REQUIRED WORK:
Write out the following listing's lines from the one with "mug: [-0.675,0.539,2.328,0.127,0.106,0.095,-6,16,9]" to the one with "The camera that", exactly, with both included and no others.

○ ○ ○

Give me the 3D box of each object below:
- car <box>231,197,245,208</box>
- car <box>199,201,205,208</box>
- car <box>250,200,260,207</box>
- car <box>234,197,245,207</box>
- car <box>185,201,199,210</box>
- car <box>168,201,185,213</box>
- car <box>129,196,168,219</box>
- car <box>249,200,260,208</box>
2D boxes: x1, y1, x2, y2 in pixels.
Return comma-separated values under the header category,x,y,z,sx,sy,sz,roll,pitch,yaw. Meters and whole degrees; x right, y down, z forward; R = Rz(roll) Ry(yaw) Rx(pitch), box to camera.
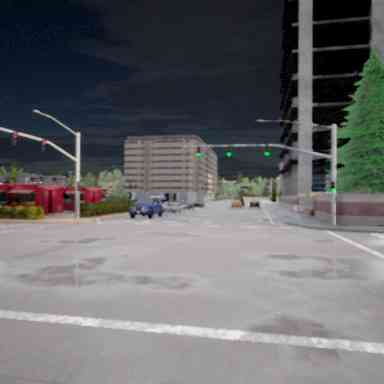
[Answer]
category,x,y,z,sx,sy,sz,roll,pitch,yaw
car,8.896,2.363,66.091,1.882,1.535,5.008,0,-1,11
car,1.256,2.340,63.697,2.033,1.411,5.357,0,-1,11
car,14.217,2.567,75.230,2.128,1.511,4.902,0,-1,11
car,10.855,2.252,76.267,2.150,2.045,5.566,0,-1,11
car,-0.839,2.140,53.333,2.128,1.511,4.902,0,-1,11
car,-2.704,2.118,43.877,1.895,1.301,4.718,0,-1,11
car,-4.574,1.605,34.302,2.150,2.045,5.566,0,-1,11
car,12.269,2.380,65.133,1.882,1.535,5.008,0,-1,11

○ ○ ○

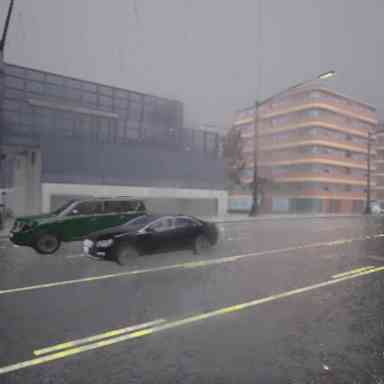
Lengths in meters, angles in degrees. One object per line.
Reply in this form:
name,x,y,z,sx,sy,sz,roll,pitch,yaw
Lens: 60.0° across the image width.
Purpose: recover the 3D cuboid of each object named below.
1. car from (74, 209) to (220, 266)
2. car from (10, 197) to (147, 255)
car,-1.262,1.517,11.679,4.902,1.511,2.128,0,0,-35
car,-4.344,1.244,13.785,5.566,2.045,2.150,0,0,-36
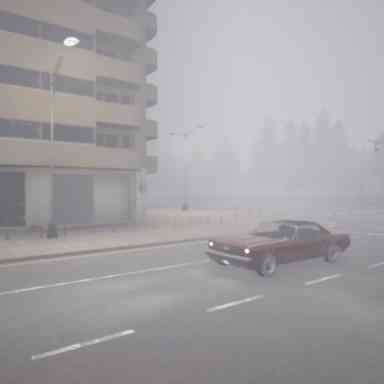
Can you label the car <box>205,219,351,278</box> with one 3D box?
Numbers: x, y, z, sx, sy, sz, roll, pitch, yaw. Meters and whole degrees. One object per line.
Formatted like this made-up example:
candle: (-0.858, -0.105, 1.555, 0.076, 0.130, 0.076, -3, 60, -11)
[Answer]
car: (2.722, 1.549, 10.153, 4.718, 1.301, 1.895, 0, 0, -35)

○ ○ ○

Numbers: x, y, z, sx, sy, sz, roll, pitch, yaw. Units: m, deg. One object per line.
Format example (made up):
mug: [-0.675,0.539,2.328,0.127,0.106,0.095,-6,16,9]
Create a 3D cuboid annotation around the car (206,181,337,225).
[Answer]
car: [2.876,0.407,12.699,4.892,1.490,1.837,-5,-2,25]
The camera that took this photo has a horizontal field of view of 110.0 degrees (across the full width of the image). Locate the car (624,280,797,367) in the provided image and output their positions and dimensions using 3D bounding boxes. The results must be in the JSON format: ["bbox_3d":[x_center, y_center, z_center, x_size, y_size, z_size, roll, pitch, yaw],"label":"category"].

○ ○ ○

EXERCISE RESULT:
mug: [-0.675,0.539,2.328,0.127,0.106,0.095,-6,16,9]
Create a 3D cuboid annotation around the car (206,181,337,225).
[Answer]
car: [2.876,0.407,12.699,4.892,1.490,1.837,-5,-2,25]
The camera that took this photo has a horizontal field of view of 110.0 degrees (across the full width of the image). Locate the car (624,280,797,367) in the provided image and output their positions and dimensions using 3D bounding boxes. The results must be in the JSON format: ["bbox_3d":[x_center, y_center, z_center, x_size, y_size, z_size, roll, pitch, yaw],"label":"category"].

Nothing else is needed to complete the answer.